Search code examples
pythonmachine-learningscikit-learnlogistic-regression

Inverse of prediction is correct in Scikit Learn Logistic Legression


In the following minimal reproducible dataset, I split a dataset into train and test dataset, fit a logistic regression to the training dataset with scikit learn and predict y based on the x_test.

However the y_pred or y predictions, are correct only if inversed (e.g 0 = 1, and 1 = 0) calculated like so: 1 - y_pred. Why is this the case? I cant figure out if it is something relating to the scaling of x (I have tried with and without the StandardScaler), something related to the logistic regression, or the accuacy score calculation.

In my larger dataset, this is also the case even when using different seeds as random state. I have also tried this Logistic Regression with the same result.

EDIT as pointed out by @Nester it works without standard scaler for this minimal dataset. Larger dataset avaliable here, standardScaler does nothing on this larger dataset, I'll keep the OP smaller dataset as it might help in explaining the problem.

# imports
from sklearn.linear_model import LogisticRegression
from sklearn.model_selection import train_test_split
from sklearn.pipeline import make_pipeline
from sklearn.metrics import accuracy_score
from sklearn.preprocessing import StandardScaler

# small dataset
Y = [1, 0, 0, 0, 0, 1, 0, 1, 1, 0, 0, 0, 1, 1, 1, 0, 1, 1, 0]
X =[[0.38373581],[0.56824121],[0.39078066],[0.41532221],[0.3996311 ]
    ,[0.3455455 ],[0.55867358],[0.51977073],[0.51937625],[0.48718916]
    ,[0.37019272],[0.49478954],[0.37277804],[0.6108499 ],[0.39718093]
    ,[0.33776591],[0.36384773],[0.50663667],[0.3247984 ]]

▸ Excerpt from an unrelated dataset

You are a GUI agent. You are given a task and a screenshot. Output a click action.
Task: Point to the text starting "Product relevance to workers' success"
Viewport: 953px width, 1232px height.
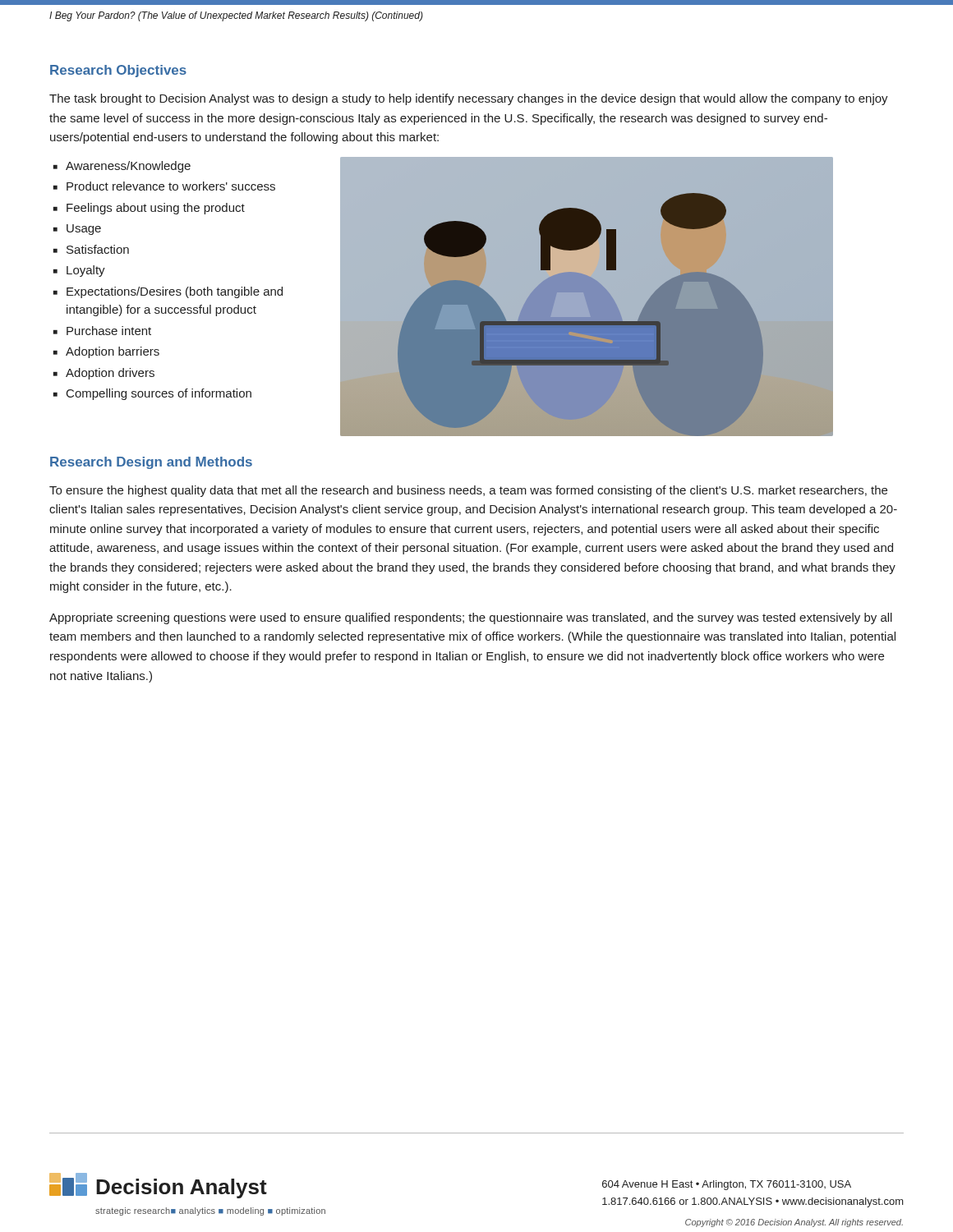point(171,186)

x_train, x_test, y_train, y_test = train_test_split(X, Y, test_size=0.15, random_state=42, stratify=Y)
clf = make_pipeline(StandardScaler(), LogisticRegression())
clf.fit(x_train, y_train)
y_pred = clf.predict(x_test)

y_pred = 1 - y_pred #          <- why?

accuracy_score(y_test,y_pred)
1.0

Larger dataset accuracy:

accuracy_score(y_test,y_pred)
0.7  # if inversed

thanks for reading


Solution

  • X and Y does not have any relationship at all. Hence, the model is performing poorly. There is reason to say that 1-pred is performing better. If you have more than two classes, then situation would be even more worse.

    %matplotlib inline 
    x_train, x_test, y_train, y_test = train_test_split(X, Y, test_size=0.15,  stratify=Y)
    clf = make_pipeline(StandardScaler(), LogisticRegression())
    clf.fit(x_train, y_train)
    import matplotlib.pyplot as plt
    plt.scatter(clf.named_steps['standardscaler'].transform(x_train),y_train)
    plt.scatter(clf.named_steps['standardscaler'].transform(x_test),y_test)
    print(clf.score(x_test,y_test))
    

    enter image description here

    The relationship is same for your bigger dataset as well.

    enter image description here

    Try to identify other features, which can help you in predicting Y.